Thursday, June 7, 2012

The Cacophonous Song Symphony

I did something odd during worship on Sunday morning. I asked the summer staff at Mundo Vista to each sing her song(s) of choice during the opening song set—all at the same time. Here’s how it happened:

On Saturday night, after teaching the staff about worship and love languages and singing a song at campfire, I met with Ruby Ann Jones Fulbright to plan the worship service for Sunday morning. Like two old women, we sat in the gliding rocking chairs in the camp infirmary and talked. We laughed and cried and attempted to stay on topic, but ultimately we didn’t do a very good job planning worship because wandering life-thoughts kept our attention astray.

As I mentioned in Monday’s note (“Oh Worship”), when I plan worship I tend to let “lots and lots of ideas float around [in my head] until something seems right.” Since Ruby and I didn’t land on a theme that seemed right, I went to bed in the floating stage. I knew what Ruby was going to speak about so I let the ideas float and hoped that I would wake up with a sense of clarity in the morning.

I didn’t. I woke up with a headache.

As I zombied my way through breakfast with furrowed brow, I confessed to Ruby that I wasn’t having a clear since of direction about the morning’s service. I confessed this fact again to Hanna, the summer’s worship leader, and explained how I was uncertain about what songs to lead because I didn’t know who would be familiar with what—and I didn’t think that Sunday morning was the time to be teaching new songs. I don’t know a lot of popular “contemporary” praise/worship songs and I’m not 100% sure what hymn texts people know by memory these days so I was sort of stuck. I had no peace about the opening song(s), special music, offertory music, or theme interpretation...

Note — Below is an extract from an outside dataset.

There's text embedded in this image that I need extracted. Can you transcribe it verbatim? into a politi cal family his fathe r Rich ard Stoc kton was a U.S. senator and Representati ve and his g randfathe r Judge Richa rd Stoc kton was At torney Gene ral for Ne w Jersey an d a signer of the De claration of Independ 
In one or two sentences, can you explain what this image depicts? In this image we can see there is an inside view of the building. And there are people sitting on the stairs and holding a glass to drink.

So I sat down on the stage in the outdoor chapel, wrote out the order of service, and prayed that God would let me know what to do about everything else. That’s when chiggers (red bugs) attacked me. But I didn’t know it until Monday.

When the worship service began, I still had no idea what music we would be doing. As Ruby led the prayer calendar and shared her prayer calendar experience from the mission field, I looked at my closed guitar case and thought, “I still don’t know what songs to lead. We’re bringing it to the wire, God. What songs should I lead?”

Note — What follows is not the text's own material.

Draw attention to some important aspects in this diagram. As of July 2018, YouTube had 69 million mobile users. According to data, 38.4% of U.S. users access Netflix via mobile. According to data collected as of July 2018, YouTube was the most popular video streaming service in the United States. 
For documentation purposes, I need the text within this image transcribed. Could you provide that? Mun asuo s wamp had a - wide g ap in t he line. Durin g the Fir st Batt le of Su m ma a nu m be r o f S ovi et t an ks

Then something happened. I have no idea what words sparked the idea but I know it was something that Ruby said. “Remember the symphony of prayer you led at ALT—where everyone prayed at the same time?” I thought to myself. “Why not ask everyone sing at the same time? That way, people who know praise songs can sing praise songs. People who know hymns can sing hymns. People who are filled with joy and excitement can sing songs of praise. People who are struggling and/or feeling overwhelmed can sings of prayer and mercy. The girls can scatter around the outdoor chapel if they’re worried about someone hearing them sing, but with everyone singing at the same time that shouldn’t be a problem. It’ll give everyone a chance for her own voice to be heard and it will solve the dilemma of choosing music that everyone knows.”

Holy ghost goose bumps covered my body and God’s peaceful spirit came upon me as a breeze rustled through the trees and a hawk soared overhead. Finally, things seemed “right.”

The staff looked at me like I was crazy when I told them what we’d be doing. After a moment of odd silence, one girl began singing “Ode To Joy” very loudly. No one else sang. People weren’t sure if they should sing along or if they should start their own song. I said, “You don’t have to all sing together. Sing whatever you want. Get up. Move around. Lift your voice to God.” At that moment, with that permission, with “Ode To Joy” still being sung in the background, other people began singing their own songs of prayer and praise. All at once, in that sacred space, a cacophonous symphony of voices was being raised to God. It sounded awful and beautiful and chaotic and peaceful and sad and joyful all at once.

We ended our symphony with the unison thought that “Our God Is An Awesome God,” and at the end of the service we revisited one of the songs that emerged during our symphony. The rest of the service fell into place, too, as I listened to the Spirit’s guidance and felt her surrounding me in the beauty of that sacred space that day.

That night, when Ruby Ann Jones Fulbright and I returned to our old lady rocking chairs, we were able to sit and reflect on the morning’s service and smile. We don’t always understand God and God’s timing. We know that for sure. But we understand that God is always with us, guiding us, directing us, loving us, and catching our burdens when we release them. We even understand that God is with us when do odd things...like ask a group of college-aged girls to sing in an unplanned, unfamiliar, unconventional, cacophonous symphony of praise!